Question

Find the particular solution of the differential equation that satisfies the initial conditions. $$ f^{\prime \prime}(x)=\frac{1}{2}\left(e^{x}+e^{-x}\right), \quad f(0)=1, f^{\prime}(0)=0 $$

Short answer

The particular solution of given differential equation is \(f(x) = \frac{1}{2}e^{x} + \frac{1}{2}e^{-x} + 1\).

Step-by-step solution

Identify the type of differential equation

The given differential equation is of the form \(f''(x) = g(x)\), where \(g(x) = \frac{1}{2}(e^x + e^{-x})\). This is a second order non-homogeneous differential equation.

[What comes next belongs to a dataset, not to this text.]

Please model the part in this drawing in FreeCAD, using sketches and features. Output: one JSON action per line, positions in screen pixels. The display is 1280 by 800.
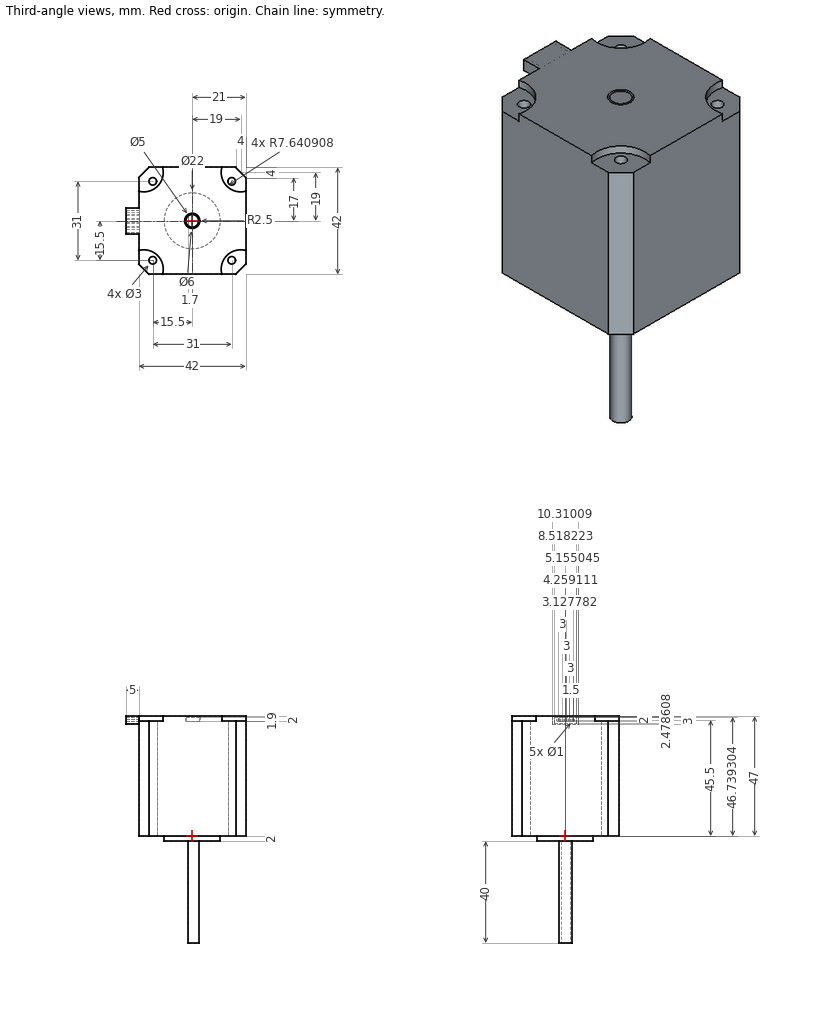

Determine the complementary solution

The complementary solution, \(f_c(x)\), of the equation is the solution of the homogeneous form, i.e when \(g(x) = 0\). So, we solve the equation \(f''(x) = 0\). The general solution of this differential equation is \(f_c(x) = Ax + B\), where A and B are constants.

Find the particular solution

To solve for particular solution, we make a guess based on the right hand side of the equation. In this case, it is of the form \(Ce^{x} + De^{-x}\). Differentiating this guess once gives \(Ce^{x} - De^{-x}\) and differentiating again gives \(Ce^{x} + De^{-x}\). Equating this to our right hand side \(\frac{1}{2}(e^x + e^{-x})\), we get \(C = D = 1/2.\) Therefore, the particular solution, \(f_p(x)\), is \(\frac{1}{2}e^{x} + \frac{1}{2}e^{-x}\).

Form the general solution

The general solution is the sum of the complementary and the particular solution, giving us \(f(x) = Ax + B + \frac{1}{2}e^{x} + \frac{1}{2}e^{-x}\).

Apply the initial conditions to find A and B

Apply the initial conditions, \(f(0) = 1\) and \(f'(0) = 0\). After plugging these values into \(f(x)\) and \(f'(x)\) respectively, we obtain \(A = 0\) and \(B = 1\).